If you look back at our previous lessons, you will notice a function that quietly appeared in almost every example:
mix()
We used it to create gradients.
We used it when discussing clamp().
We used it again when exploring contrast with pow().
Yet we never stopped to discuss what it actually does.
Today we fix that.
The exercise for this lesson can be found here:
[PLACEHOLDER EXERCISE LINK]
What Does mix() Do?
At its simplest, mix() blends between two values.

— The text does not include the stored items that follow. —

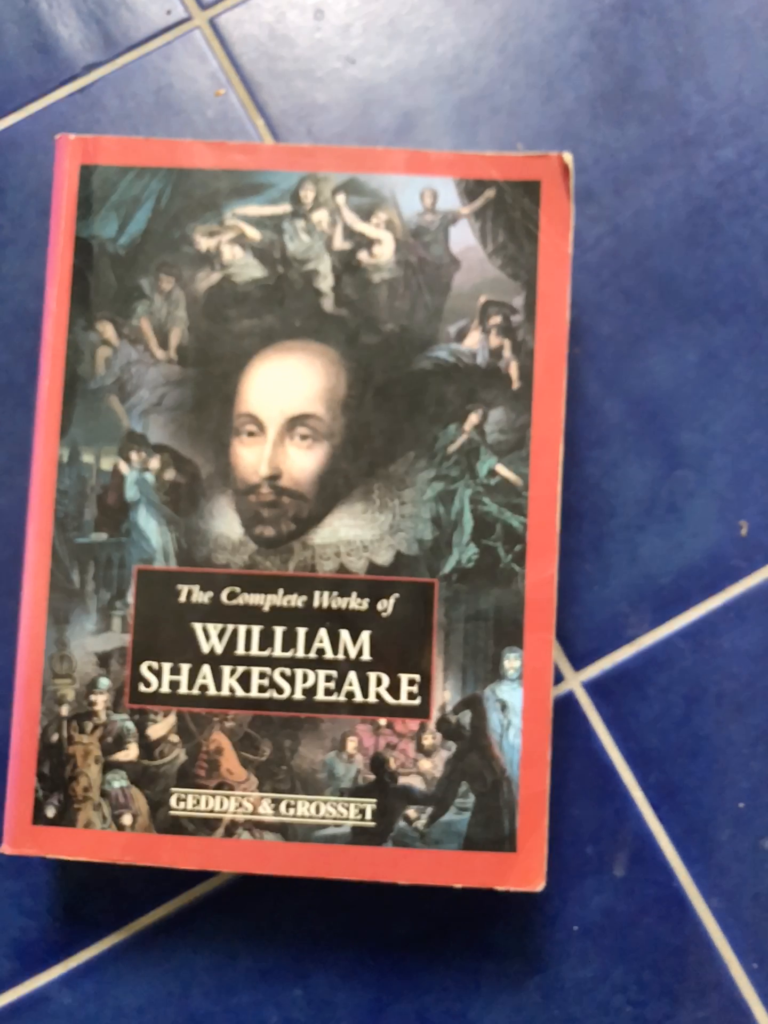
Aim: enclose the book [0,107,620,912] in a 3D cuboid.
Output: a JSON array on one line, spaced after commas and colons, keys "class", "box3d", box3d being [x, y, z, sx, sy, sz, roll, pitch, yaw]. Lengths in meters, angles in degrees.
[{"class": "book", "box3d": [-0.027, -0.004, 0.329, 0.210, 0.060, 0.270, 3, 86, 1]}]
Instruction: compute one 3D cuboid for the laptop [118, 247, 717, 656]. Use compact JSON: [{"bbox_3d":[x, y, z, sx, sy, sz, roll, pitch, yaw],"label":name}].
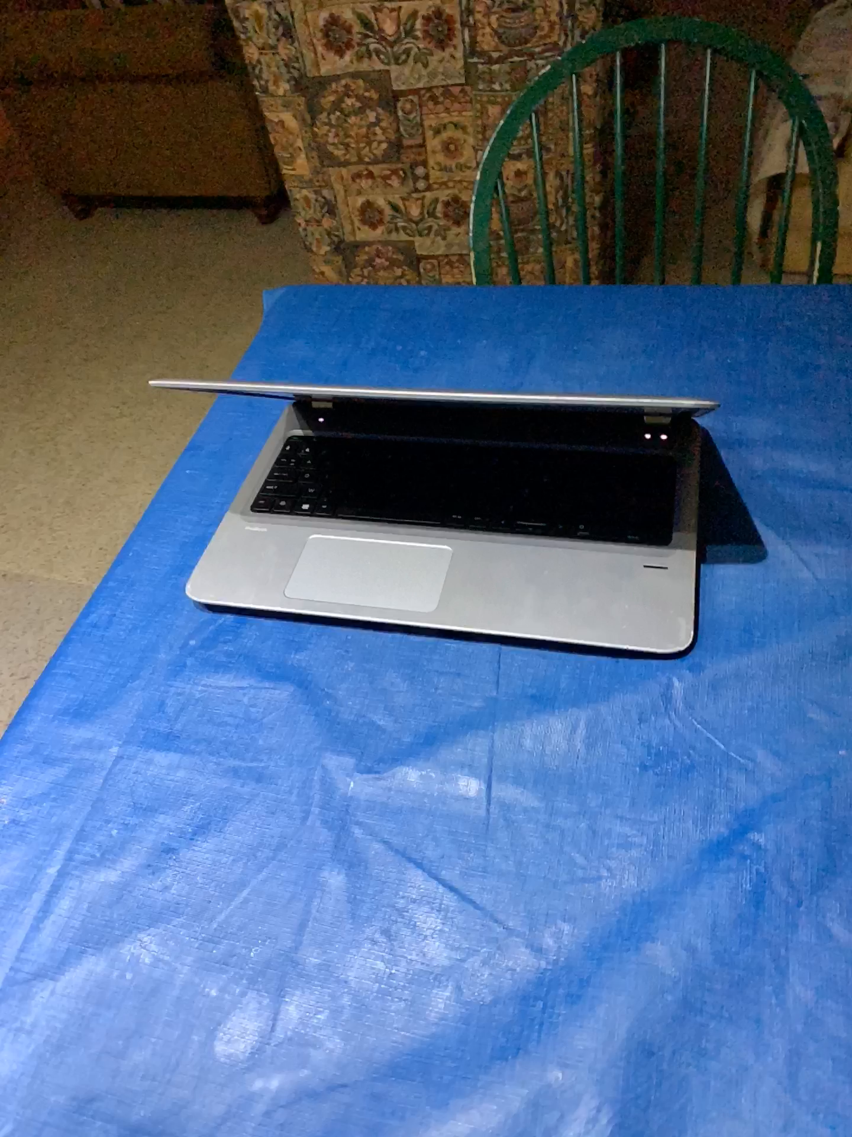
[{"bbox_3d":[0.015,-0.104,0.651,0.365,0.156,0.255,5,47,15],"label":"laptop"}]
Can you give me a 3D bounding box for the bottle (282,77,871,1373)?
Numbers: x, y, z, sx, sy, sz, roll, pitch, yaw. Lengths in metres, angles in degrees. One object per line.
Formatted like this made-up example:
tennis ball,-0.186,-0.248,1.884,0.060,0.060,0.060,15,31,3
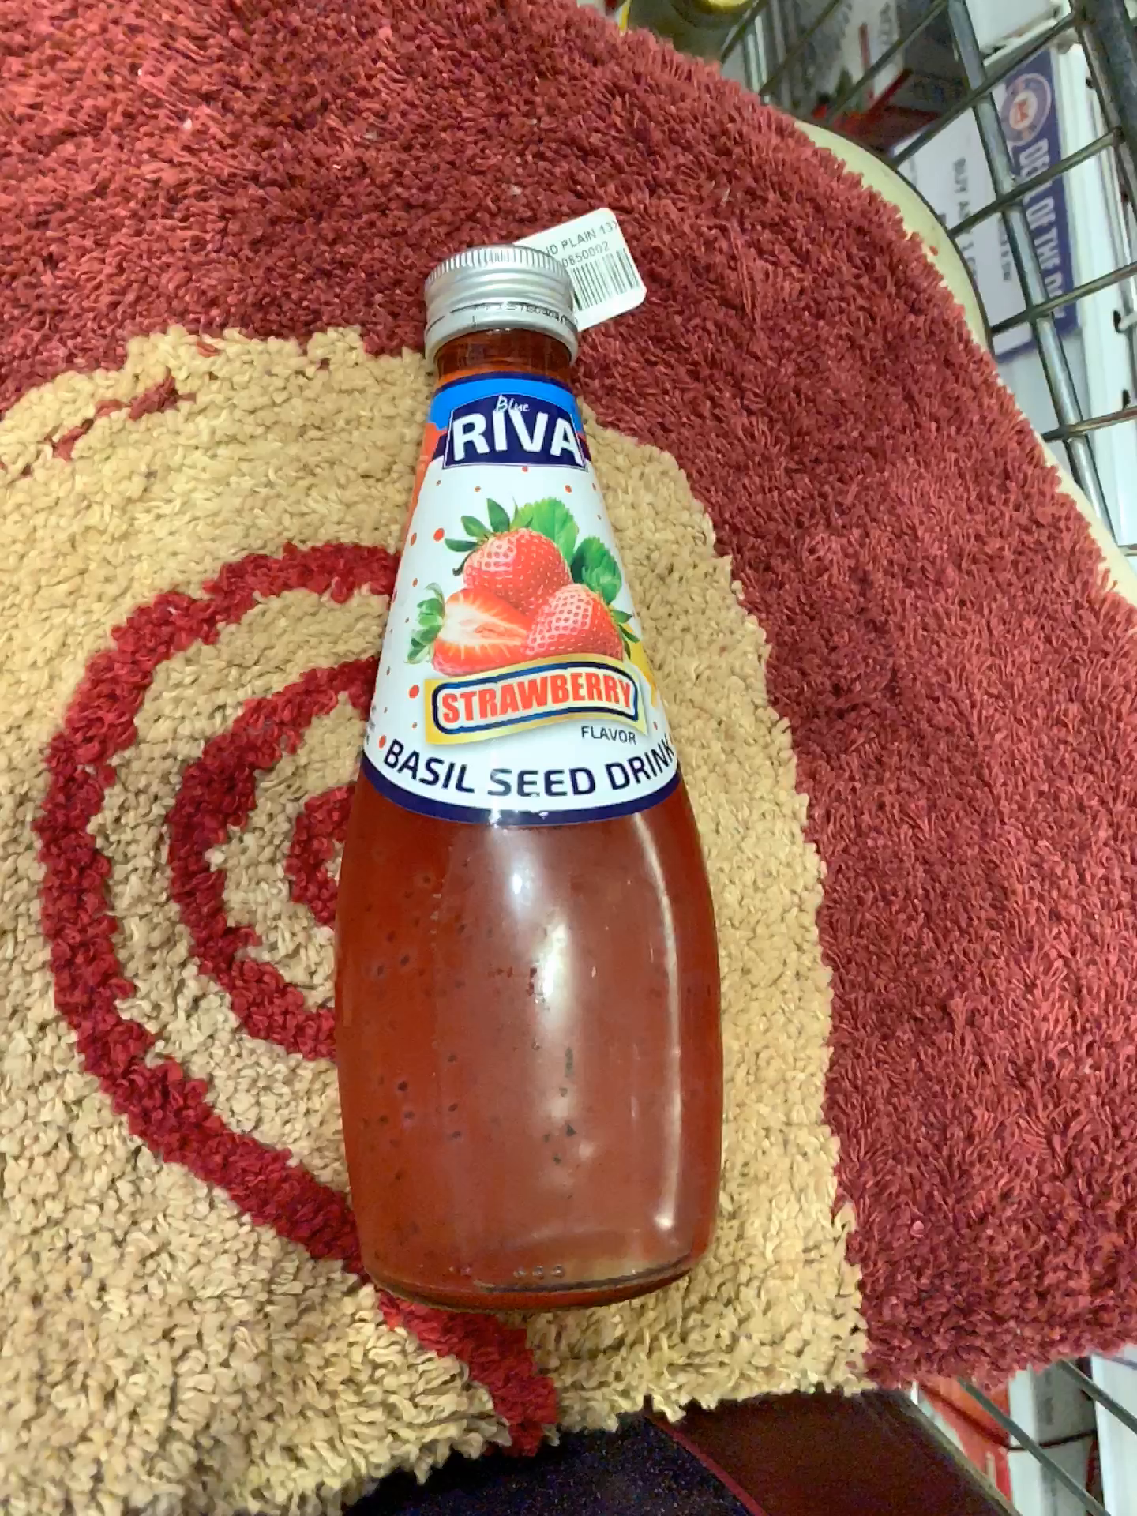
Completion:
bottle,-0.005,-0.006,0.178,0.070,0.050,0.160,0,81,-18
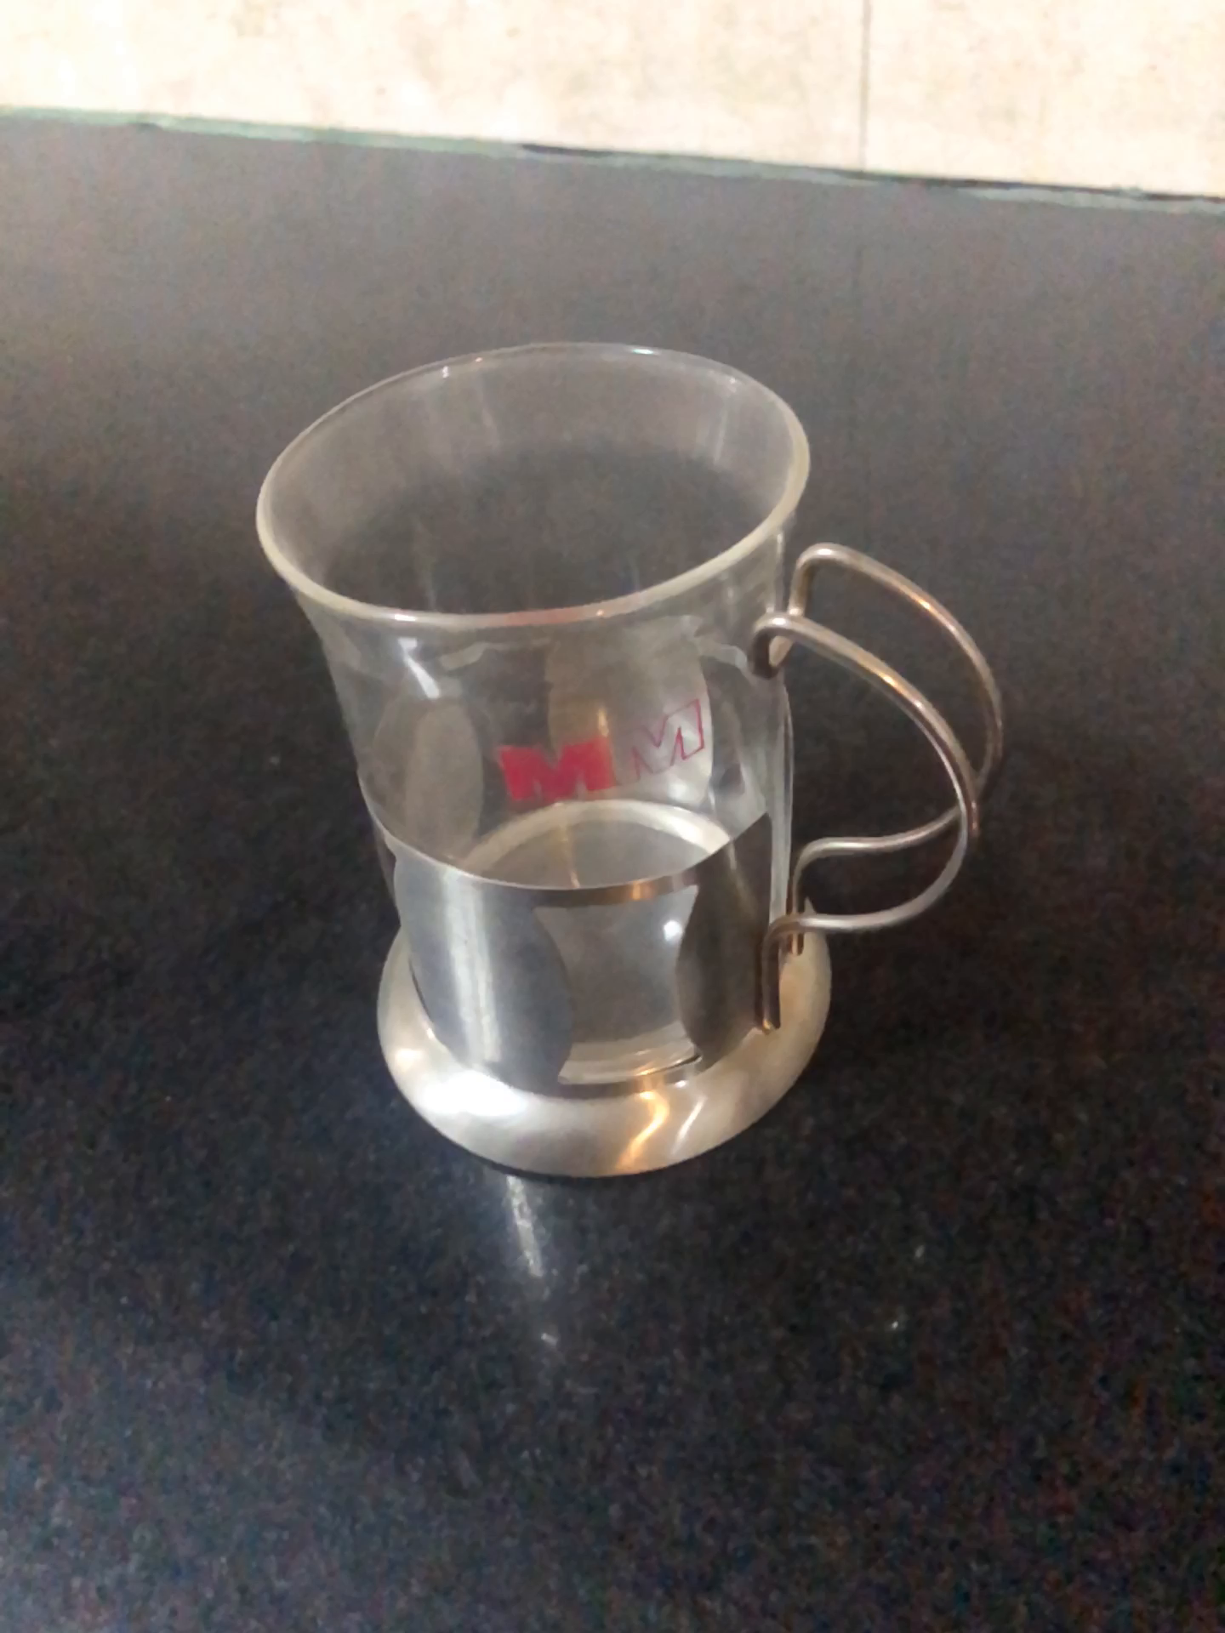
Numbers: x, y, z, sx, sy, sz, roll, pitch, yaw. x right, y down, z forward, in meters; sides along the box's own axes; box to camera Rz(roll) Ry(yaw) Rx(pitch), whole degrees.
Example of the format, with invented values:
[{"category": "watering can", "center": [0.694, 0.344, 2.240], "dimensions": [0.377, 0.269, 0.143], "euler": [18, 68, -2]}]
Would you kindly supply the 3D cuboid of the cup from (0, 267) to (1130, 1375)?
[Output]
[{"category": "cup", "center": [0.000, -0.003, 0.196], "dimensions": [0.110, 0.109, 0.080], "euler": [15, 47, 22]}]

The syntax looks like this:
mix(valueA, valueB, t)
Think of it as a slider.
valueAis the starting point.valueBis the ending point.tdetermines how far you move from A toward B.
When:
t = 0.0
you get only valueA.
When:
t = 1.0
you get only valueB.
When:
t = 0.5
you get a result halfway between them.
A Simple Color Example
vec3 c = mix(
vec3(0.0, 0.0, 1.0),
vec3(1.0, 0.0, 0.0),
0.5
);
The first color is blue.
The second color is red.
Since t is 0.5, the result becomes a blend of both colors.

The Most Common Use: Gradients
In our gradients lesson we wrote:
float t = vUv.x;
vec3 c = mix(
vec3(0.1, 0.15, 0.25),
vec3(1.0, 0.85, 0.25),
t
);
Notice something important.
The colors never change.
These values remain fixed:
vec3(0.1, 0.15, 0.25)
vec3(1.0, 0.85, 0.25)
The only thing changing is:
t
Since vUv.x changes across the screen, each pixel receives a different blend between the same two colors.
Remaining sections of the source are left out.